Copyright 2009 Ivan Raikov. All rights reserved. Redistribution and use in source and binary forms, with or without modification, are permitted provided that the following conditions are met: Redistributions of source code must retain the above copyright notice, this list of conditions and the following disclaimer. Redistributions in binary form must reproduce the above copyright notice, this list of conditions and the following disclaimer in the documentation and/or other materials provided with the distribution.
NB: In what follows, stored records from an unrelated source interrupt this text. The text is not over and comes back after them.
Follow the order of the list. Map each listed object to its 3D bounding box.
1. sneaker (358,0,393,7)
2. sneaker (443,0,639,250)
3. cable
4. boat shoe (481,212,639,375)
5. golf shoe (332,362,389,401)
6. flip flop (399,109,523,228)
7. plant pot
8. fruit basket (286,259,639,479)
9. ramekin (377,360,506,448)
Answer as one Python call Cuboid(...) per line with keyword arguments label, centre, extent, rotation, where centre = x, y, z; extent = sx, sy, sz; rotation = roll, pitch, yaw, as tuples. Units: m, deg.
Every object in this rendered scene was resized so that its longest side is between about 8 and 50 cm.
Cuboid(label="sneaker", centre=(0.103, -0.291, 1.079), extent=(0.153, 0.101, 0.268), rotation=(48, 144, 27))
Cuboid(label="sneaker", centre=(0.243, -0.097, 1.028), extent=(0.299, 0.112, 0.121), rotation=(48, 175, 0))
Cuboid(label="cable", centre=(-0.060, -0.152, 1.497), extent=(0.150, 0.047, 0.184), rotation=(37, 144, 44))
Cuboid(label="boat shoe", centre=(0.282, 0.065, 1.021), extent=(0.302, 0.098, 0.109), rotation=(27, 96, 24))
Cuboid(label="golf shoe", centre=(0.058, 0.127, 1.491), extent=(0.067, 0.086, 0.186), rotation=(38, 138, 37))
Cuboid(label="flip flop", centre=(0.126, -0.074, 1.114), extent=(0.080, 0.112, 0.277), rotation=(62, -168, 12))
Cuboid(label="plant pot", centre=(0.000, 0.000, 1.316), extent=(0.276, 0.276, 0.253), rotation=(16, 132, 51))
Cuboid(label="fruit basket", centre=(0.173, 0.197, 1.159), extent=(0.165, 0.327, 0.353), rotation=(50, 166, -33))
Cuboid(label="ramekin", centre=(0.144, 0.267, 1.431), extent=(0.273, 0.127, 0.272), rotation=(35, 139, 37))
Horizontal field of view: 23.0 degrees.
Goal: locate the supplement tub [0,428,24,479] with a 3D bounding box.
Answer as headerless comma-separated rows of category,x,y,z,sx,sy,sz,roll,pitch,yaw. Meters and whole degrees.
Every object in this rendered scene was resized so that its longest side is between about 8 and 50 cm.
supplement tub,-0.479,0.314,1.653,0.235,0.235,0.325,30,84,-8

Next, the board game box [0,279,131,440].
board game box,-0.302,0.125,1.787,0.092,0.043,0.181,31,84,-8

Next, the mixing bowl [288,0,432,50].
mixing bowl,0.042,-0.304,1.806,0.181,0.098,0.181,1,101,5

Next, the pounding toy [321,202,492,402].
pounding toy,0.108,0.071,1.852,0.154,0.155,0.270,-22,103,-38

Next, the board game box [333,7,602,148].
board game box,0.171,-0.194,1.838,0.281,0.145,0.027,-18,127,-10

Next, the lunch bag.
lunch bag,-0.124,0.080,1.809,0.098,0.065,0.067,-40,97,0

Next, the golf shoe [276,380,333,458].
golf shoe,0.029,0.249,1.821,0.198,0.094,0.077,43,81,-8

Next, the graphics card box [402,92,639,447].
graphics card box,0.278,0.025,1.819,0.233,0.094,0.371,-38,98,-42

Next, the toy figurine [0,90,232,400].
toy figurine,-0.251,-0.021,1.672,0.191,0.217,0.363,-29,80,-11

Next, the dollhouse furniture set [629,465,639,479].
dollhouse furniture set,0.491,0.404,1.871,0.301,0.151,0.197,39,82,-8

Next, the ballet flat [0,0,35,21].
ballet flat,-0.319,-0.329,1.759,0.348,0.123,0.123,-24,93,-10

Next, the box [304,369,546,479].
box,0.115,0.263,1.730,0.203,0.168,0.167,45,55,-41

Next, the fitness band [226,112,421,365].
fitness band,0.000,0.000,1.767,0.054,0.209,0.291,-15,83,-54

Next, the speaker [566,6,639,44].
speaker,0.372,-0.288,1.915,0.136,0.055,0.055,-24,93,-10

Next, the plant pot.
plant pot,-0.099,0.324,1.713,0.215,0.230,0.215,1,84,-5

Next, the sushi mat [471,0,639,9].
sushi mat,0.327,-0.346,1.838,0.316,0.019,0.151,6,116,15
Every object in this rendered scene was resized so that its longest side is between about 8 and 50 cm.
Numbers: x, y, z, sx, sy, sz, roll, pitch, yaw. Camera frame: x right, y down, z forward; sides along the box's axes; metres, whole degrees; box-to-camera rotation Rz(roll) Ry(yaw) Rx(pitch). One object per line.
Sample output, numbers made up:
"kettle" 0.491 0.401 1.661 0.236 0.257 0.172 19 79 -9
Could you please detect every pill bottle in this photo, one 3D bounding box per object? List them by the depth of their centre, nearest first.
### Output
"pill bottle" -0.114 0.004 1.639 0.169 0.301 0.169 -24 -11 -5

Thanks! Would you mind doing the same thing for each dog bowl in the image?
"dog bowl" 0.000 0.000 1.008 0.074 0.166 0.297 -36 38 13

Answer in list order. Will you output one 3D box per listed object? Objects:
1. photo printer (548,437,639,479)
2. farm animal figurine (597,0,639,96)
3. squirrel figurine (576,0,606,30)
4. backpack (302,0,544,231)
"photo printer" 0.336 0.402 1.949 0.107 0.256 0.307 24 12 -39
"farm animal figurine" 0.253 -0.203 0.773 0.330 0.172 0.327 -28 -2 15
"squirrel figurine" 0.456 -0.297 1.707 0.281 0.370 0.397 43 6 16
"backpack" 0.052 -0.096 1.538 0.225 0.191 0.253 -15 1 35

Neither the name of the author nor the names of its contributors may be used to endorse or promote products derived from this software without specific prior written permission. THIS SOFTWARE IS PROVIDED BY THE COPYRIGHT HOLDERS AND CONTRIBUTORS "AS IS" AND ANY EXPRESS OR IMPLIED WARRANTIES, INCLUDING, BUT NOT LIMITED TO, THE IMPLIED WARRANTIES OF MERCHANTABILITY AND FITNESS FOR A PARTICULAR PURPOSE ARE DISCLAIMED. IN NO EVENT SHALL THE COPYRIGHT HOLDERS OR CONTRIBUTORS BE LIABLE FOR ANY DIRECT, INDIRECT, INCIDENTAL, SPECIAL, EXEMPLARY, OR CONSEQUENTIAL DAMAGES (INCLUDING, BUT NOT LIMITED TO, PROCUREMENT OF SUBSTITUTE GOODS OR SERVICES; LOSS OF USE, DATA, OR PROFITS; OR BUSINESS INTERRUPTION) HOWEVER CAUSED AND ON ANY THEORY OF LIABILITY, WHETHER IN CONTRACT, STRICT LIABILITY, OR TORT (INCLUDING NEGLIGENCE OR OTHERWISE) ARISING IN ANY WAY OUT OF THE USE OF THIS SOFTWARE, EVEN IF ADVISED OF THE POSSIBILITY OF SUCH DAMAGE.